RECORDS TO PROCESS below:
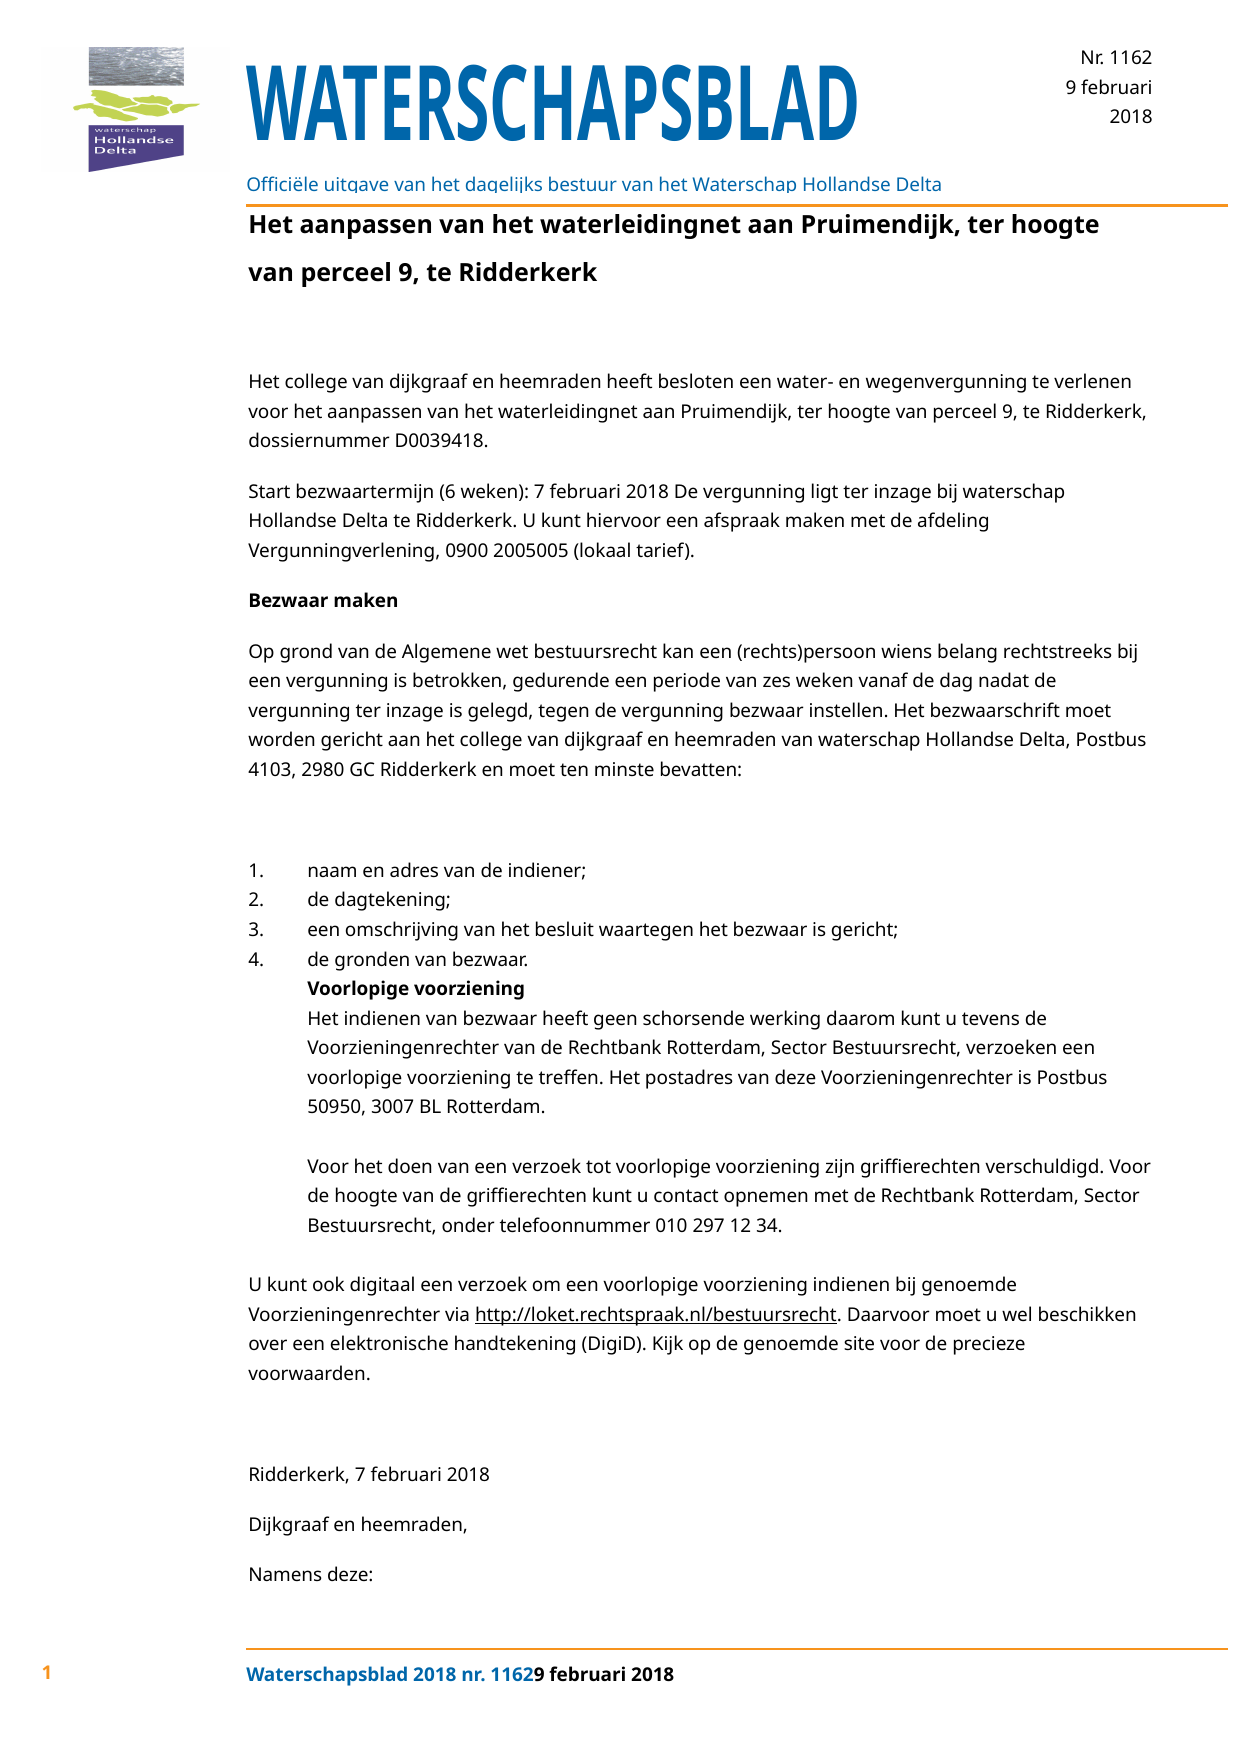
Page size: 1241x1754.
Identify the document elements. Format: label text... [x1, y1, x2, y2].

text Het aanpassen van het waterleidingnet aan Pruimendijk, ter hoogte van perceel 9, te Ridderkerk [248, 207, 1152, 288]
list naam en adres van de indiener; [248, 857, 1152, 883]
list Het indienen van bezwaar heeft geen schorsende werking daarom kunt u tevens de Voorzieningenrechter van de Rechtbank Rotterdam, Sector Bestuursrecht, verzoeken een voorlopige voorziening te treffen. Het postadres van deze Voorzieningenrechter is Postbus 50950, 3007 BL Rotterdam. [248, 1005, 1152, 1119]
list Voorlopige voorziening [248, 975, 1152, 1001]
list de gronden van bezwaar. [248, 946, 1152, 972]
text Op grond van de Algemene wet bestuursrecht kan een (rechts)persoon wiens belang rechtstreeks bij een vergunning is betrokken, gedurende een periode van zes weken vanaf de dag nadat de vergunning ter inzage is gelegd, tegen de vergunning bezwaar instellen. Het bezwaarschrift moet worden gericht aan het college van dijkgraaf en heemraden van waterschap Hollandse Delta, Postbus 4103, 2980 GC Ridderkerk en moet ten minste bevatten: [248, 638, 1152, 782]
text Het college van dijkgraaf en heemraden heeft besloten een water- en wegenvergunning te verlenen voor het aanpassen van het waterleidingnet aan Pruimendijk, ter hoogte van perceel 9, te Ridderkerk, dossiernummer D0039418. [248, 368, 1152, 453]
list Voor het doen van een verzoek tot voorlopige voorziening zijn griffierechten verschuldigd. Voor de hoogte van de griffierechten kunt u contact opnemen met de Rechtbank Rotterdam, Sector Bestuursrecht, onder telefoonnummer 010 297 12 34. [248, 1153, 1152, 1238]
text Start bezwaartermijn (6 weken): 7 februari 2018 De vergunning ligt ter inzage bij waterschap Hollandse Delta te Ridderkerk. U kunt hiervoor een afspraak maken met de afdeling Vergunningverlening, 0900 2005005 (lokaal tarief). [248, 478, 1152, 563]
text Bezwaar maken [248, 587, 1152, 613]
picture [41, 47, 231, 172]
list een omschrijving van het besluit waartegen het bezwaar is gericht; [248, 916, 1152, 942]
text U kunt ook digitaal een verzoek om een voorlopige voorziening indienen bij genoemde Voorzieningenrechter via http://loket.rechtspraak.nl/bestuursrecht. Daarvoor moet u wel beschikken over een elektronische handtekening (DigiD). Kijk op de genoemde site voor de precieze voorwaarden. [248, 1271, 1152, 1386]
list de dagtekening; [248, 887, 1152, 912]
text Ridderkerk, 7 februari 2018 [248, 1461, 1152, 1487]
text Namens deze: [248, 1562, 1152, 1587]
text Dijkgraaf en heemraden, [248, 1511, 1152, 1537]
End of RECORDS TO PROCESS.
## YOUR OBJECTIVE
Repeat only the lines from the one holding "text Start bezwaartermijn" through the last line of the data.

## TASK RESULT
text Start bezwaartermijn (6 weken): 7 februari 2018 De vergunning ligt ter inzage bij waterschap Hollandse Delta te Ridderkerk. U kunt hiervoor een afspraak maken met de afdeling Vergunningverlening, 0900 2005005 (lokaal tarief). [248, 478, 1152, 563]
text Bezwaar maken [248, 587, 1152, 613]
picture [41, 47, 231, 172]
list een omschrijving van het besluit waartegen het bezwaar is gericht; [248, 916, 1152, 942]
text U kunt ook digitaal een verzoek om een voorlopige voorziening indienen bij genoemde Voorzieningenrechter via http://loket.rechtspraak.nl/bestuursrecht. Daarvoor moet u wel beschikken over een elektronische handtekening (DigiD). Kijk op de genoemde site voor de precieze voorwaarden. [248, 1271, 1152, 1386]
list de dagtekening; [248, 887, 1152, 912]
text Ridderkerk, 7 februari 2018 [248, 1461, 1152, 1487]
text Namens deze: [248, 1562, 1152, 1587]
text Dijkgraaf en heemraden, [248, 1511, 1152, 1537]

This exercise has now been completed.